The executives represent one side of a widening rift within the Communist Party, said Li Cheng, director of research at the Brookings Institution’s John L. Thornton China Center in Washington. It will grow as the country continues to develop, pitting them and businesses in coastal regions against those who want to redistribute more of China’s growing income and develop interior provinces.

“This is what I call one party, two factions,” Li said.

I doubt the “anti-tax” teabaggers know just how much they have in common with the Chinese Communists, but it’s not surprising to those of us who study the right wing:

[N]ot only did Norquist entertain guests under a portrait of the first head of state of the Soviet Union, he also studied the writings of Antonio Gramsci, the most famous Italian Communist, best known for his concept of cultural hegemony.
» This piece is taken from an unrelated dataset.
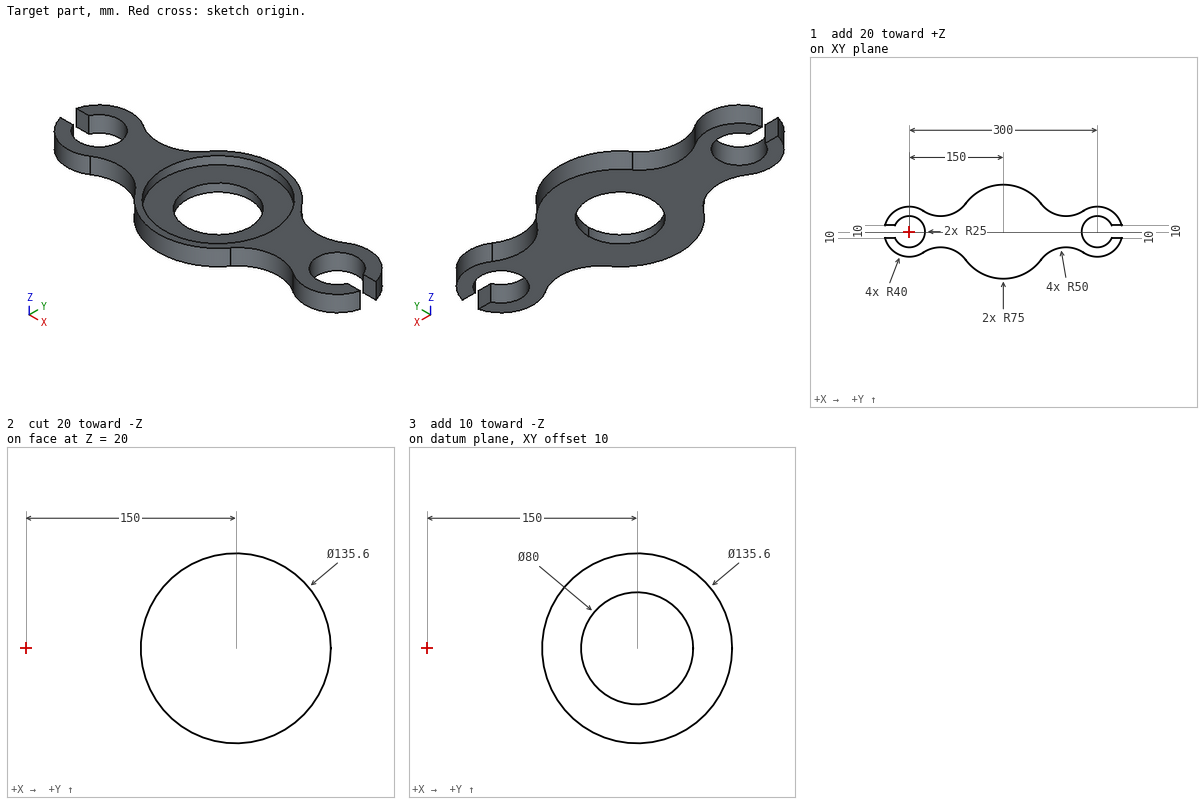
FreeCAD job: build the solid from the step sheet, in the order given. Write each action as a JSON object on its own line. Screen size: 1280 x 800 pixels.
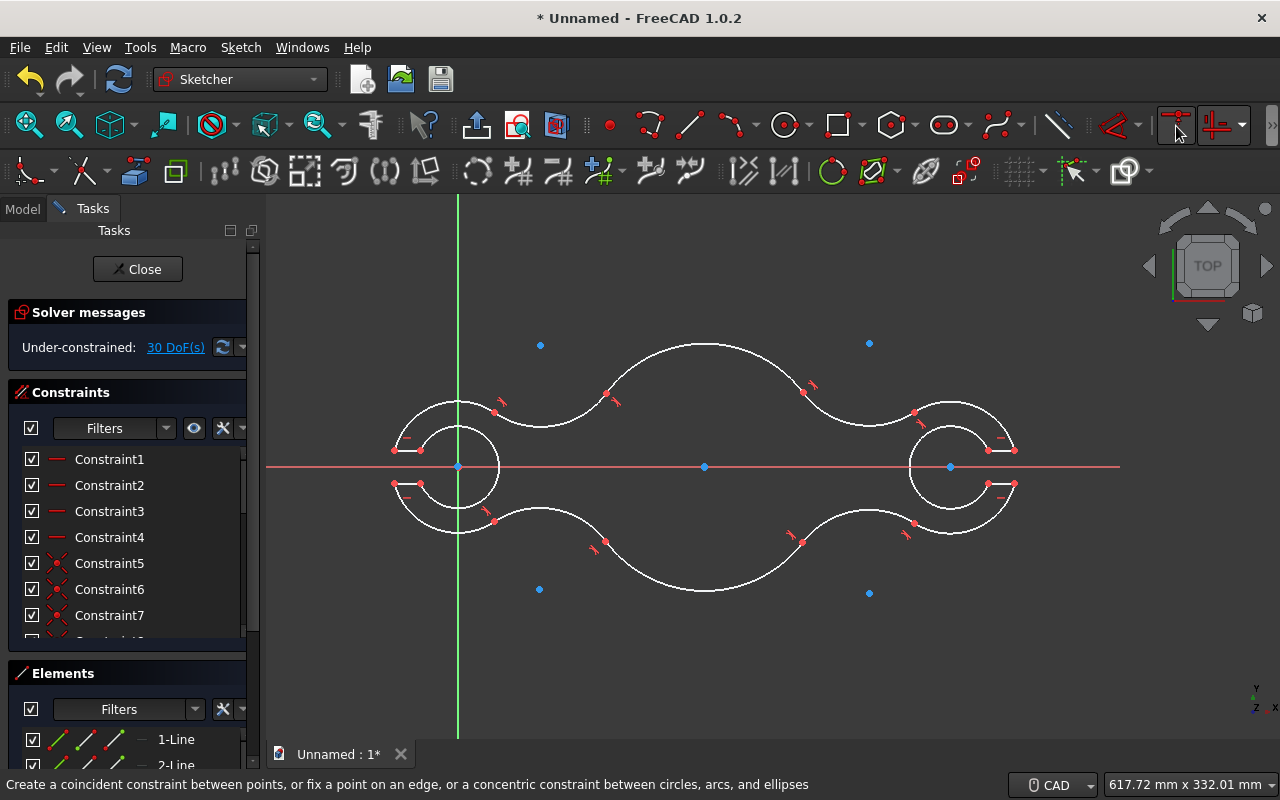
{"action": "left_click", "coordinate": [950, 534]}

From Blinded By The Right:

Despite his promise as an academic, Gramsci became active in the Socialist Party and launched a career as a fierce pamphleteer, making himself a voice to be reckoned with throughout Italian political circles. Inspired by the Bolshevik Revolution in October 1917, Gramsci sided with the Communist minority within the Socialist Party and built up the Italian Communist Party at the dawn of the Italian fascist movement. After serving as Italy’s delegate in Moscow to the communist International, he was elected general secretary of the Communist Party in Italy. Soon thereafter, Gramsci was arrested by the government in Rome and spent ten years in prison producing his most influential revolutionary writings, in the form of notebooks and letters, before dying of a cerebral hemorrhage in 1937. Two decades later, his writings were studied carefully by the radical left throughout the world, particularly by leaders of revolutionary movements in the Third World — and by the anti-Communist Grover Norquist.

Gramsci’s concept of cultural hegemony was sprung out of his quest to understand why the working classes weren’t more willing to rise up and overthrow the ruling classes. Gramsci posited that culture must be investigated to see what norms contributed to reinforcing (or dismantling) of the larger social structure.

Given his populist framing of his anti-tax group and its efforts, Norquist seems to understand what Gramsci was getting at, albeit with a much different goal.

Yes, I think these strange bedfellows — the teabaggers and the communists — understand each other very, very well.